From 1691 until 1793 the district was a Prussian exclave within Poland-Lithuania (Preußisch Serrey). In 1793 it was ceded, along with Tauragė (Tauroggen), to Poland-Lithuania as "compensation" for the territories annexed in the Second Partition of Poland; it returned to Prussian control two years later in the Third Partition of Poland, this time as a fully contiguous part of Prussia within the New East Prussia province. In 1807 it passed by the Treaties of Tilsit to the Duchy of Warsaw, a Polish client state of the First French Empire. 1815 it became part of Congress Poland, a kingdom in a personal union with the Russian Empire; while formally separate from Russia, Congress Poland increasingly became de facto part of it, culminating in the 1867 establishment of the Vistula Land in its place. After World War I it became part of the newly independent Republic of Lithuania.

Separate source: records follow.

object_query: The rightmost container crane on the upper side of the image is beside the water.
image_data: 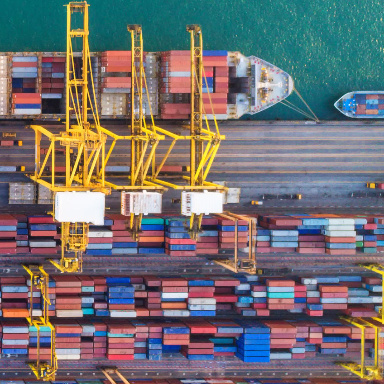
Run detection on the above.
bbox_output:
[143,23,227,243]
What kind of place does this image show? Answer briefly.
port
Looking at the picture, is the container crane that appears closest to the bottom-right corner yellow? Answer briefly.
Yes
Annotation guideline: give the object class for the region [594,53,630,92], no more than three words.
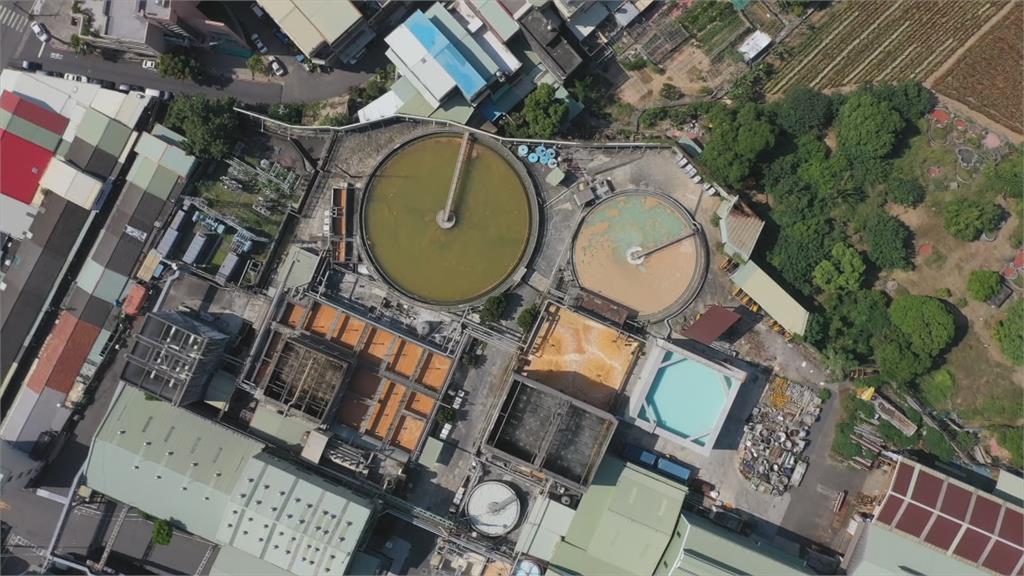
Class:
house
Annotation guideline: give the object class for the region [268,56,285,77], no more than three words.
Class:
car
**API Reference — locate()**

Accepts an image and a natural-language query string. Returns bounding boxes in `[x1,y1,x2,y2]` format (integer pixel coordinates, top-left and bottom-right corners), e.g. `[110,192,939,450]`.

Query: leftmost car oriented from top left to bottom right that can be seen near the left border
[30,20,49,41]
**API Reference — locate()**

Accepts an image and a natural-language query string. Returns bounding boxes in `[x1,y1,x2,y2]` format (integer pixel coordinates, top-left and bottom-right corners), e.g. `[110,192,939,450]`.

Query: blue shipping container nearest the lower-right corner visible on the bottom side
[655,454,692,481]
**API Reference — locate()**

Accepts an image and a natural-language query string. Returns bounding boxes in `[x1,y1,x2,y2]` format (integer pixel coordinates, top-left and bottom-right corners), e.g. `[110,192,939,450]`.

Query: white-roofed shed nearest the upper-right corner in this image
[734,31,772,65]

During the World War II almost all Seirijai was bombed by German army.

On September 11, 1941, 953 Jews from Seirijai were murdered in the Baraučiškės Forest, including 229 men, 384 women and 340 children. The mass execution was perpetrated by Rollkommando Hamann (skrajojantis būrys, a small mobile unit that committed mass murders of Lithuanian Jews in the countryside across Lithuania in July–October 1941, with a death toll of at least 60,000 Jews.) / 1st Battalion 3rd Unit led by Norkus and Obelenis; Lithuanian Activists Front members from Seirijai

In 2018 a monument was built in Seirijai for Lithuanian partisans, who fought against Soviet occupants. Seirijai belonged to Dainava partisans military district.

==Economy==

Company Seirijų žirgai, which keeps and breeds Trakehner horses.

==Notable people==

- Alexander Ziskind Maimon (1809–1887) – Lithuanian Jewish author and scholar of the Talmud.
- Antanas Žmuidzinavičius (1876–1966) – Lithuanian painter.
- Bronius Kazys Balutis (1880–1967) – Lithuanian diplomat.
- Juozas Adomonis (g. 1932) – artist, ceramicist.
- Vidas Kavaliauskas (g. 1965) – Lithuanian linguist.